INFORMATION PROVIDED Block Start
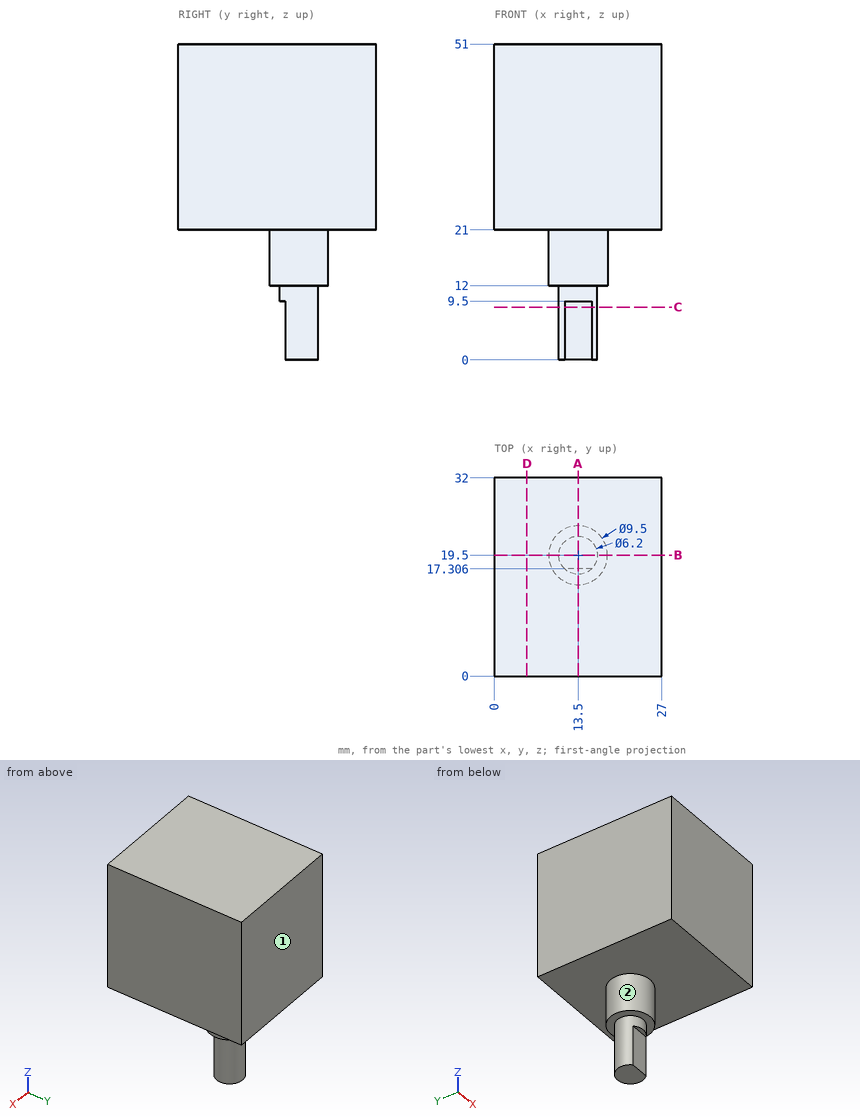
For this review, use the dimensioned drawing (mm, ordinates from the lowest corner) and the shaded views. A direction names the side the tool comes from. Give positions to 0.01 mm unless a question says otherwise; leave off trailing zeros. Order: outer loops, then holes, each group sorted by start corner. A loop starts at its lowest first (then second) coordinate and runs counter-clockwise, first axis right, second up. Notation, with made-up numbers: (-35.5, 78) - (-21.5, 78) arc R25 ccw to (-21.5, 100) - close; hole circle Ø5 at (84.5, -21.75). An arc over 180 degrees is marked (long way). Write item = value, one per line. Start each with the question number.
Q1. Tool access review of the marked faces 1 and 2: name each direction out of +Z, -Z, +X, -X, +Y, -Y from which nothing blocks a thin tool from reaching the whole face with its end or side.
Q2. We need section C-C on z = 8.5. State the section outline as (x, y) points, plus the area to 3 significant figures.
Q3. We need section D-D on x = 5.25. State the section outline as (y, z) points.
Q4. Clearance check with flat-ended pins moving along their axes: pin 1 Ø12 at (x, y) = (19, 12) entering from -Z; pin 2 Ø3 at (x, y) = (15, 17) entering from -Z; pin 3 Ø2 at (x, z) = (13.5, 5.5) entering from -Y; pin 4 Ø1.5 at (y, z) = (18, 7) entering from +X. State where each tip first meets the part, or that it passes through.
Q5. We need section B-B on y = 19.5. State the section outline as (x, z) points, plus the area to 3 significant figures.
Q6. We need section A-A on x = 13.5. State the section outline as (y, z) points.
Q7. To check wall thickness, follow L1, parallel to Z at x = 3, y = 14; L2, parallel to X at y = 19, z = 5.5; L3, parallel to X at y = 16.5, z = 19. State the ranges of each line that lie inside material, in increasing order. Write a range as from..to.
Working result:
q1.face_1 = +Z, -Z, +X, -X, +Y
q1.face_2 = -Z
q2.outline = (11.31, 17.31) - (15.69, 17.31) arc R3.1 ccw (long way) to start
q2.area = 27.5 mm²
q3.outline = (0, 21) - (32, 21) - (32, 51) - (0, 51) - close
q4.pin_1 = 12
q4.pin_2 = 0
q4.pin_3 = 17.31
q4.pin_4 = 16.51
q5.outline = (0, 21) - (8.75, 21) - (8.75, 12) - (10.4, 12) - (10.4, 0) - (16.6, 0) - (16.6, 12) - (18.25, 12) - (18.25, 21) - (27, 21) - (27, 51) - (0, 51) - close
q5.area = 970 mm²
q6.outline = (0, 21) - (14.75, 21) - (14.75, 12) - (16.4, 12) - (16.4, 9.5) - (17.31, 9.5) - (17.31, 0) - (22.6, 0) - (22.6, 12) - (24.25, 12) - (24.25, 21) - (32, 21) - (32, 51) - (0, 51) - close
q7.L1 = 21..51
q7.L2 = 10.44..16.56
q7.L3 = 9.82..17.18
INFORMATION PROVIDED Block End
PROMPT: Only the lines from the one with "q4.pin_2 = 0" to the end of the listing are wanted. Print them exactly, keeping both ends.

TASK RESULT:
q4.pin_2 = 0
q4.pin_3 = 17.31
q4.pin_4 = 16.51
q5.outline = (0, 21) - (8.75, 21) - (8.75, 12) - (10.4, 12) - (10.4, 0) - (16.6, 0) - (16.6, 12) - (18.25, 12) - (18.25, 21) - (27, 21) - (27, 51) - (0, 51) - close
q5.area = 970 mm²
q6.outline = (0, 21) - (14.75, 21) - (14.75, 12) - (16.4, 12) - (16.4, 9.5) - (17.31, 9.5) - (17.31, 0) - (22.6, 0) - (22.6, 12) - (24.25, 12) - (24.25, 21) - (32, 21) - (32, 51) - (0, 51) - close
q7.L1 = 21..51
q7.L2 = 10.44..16.56
q7.L3 = 9.82..17.18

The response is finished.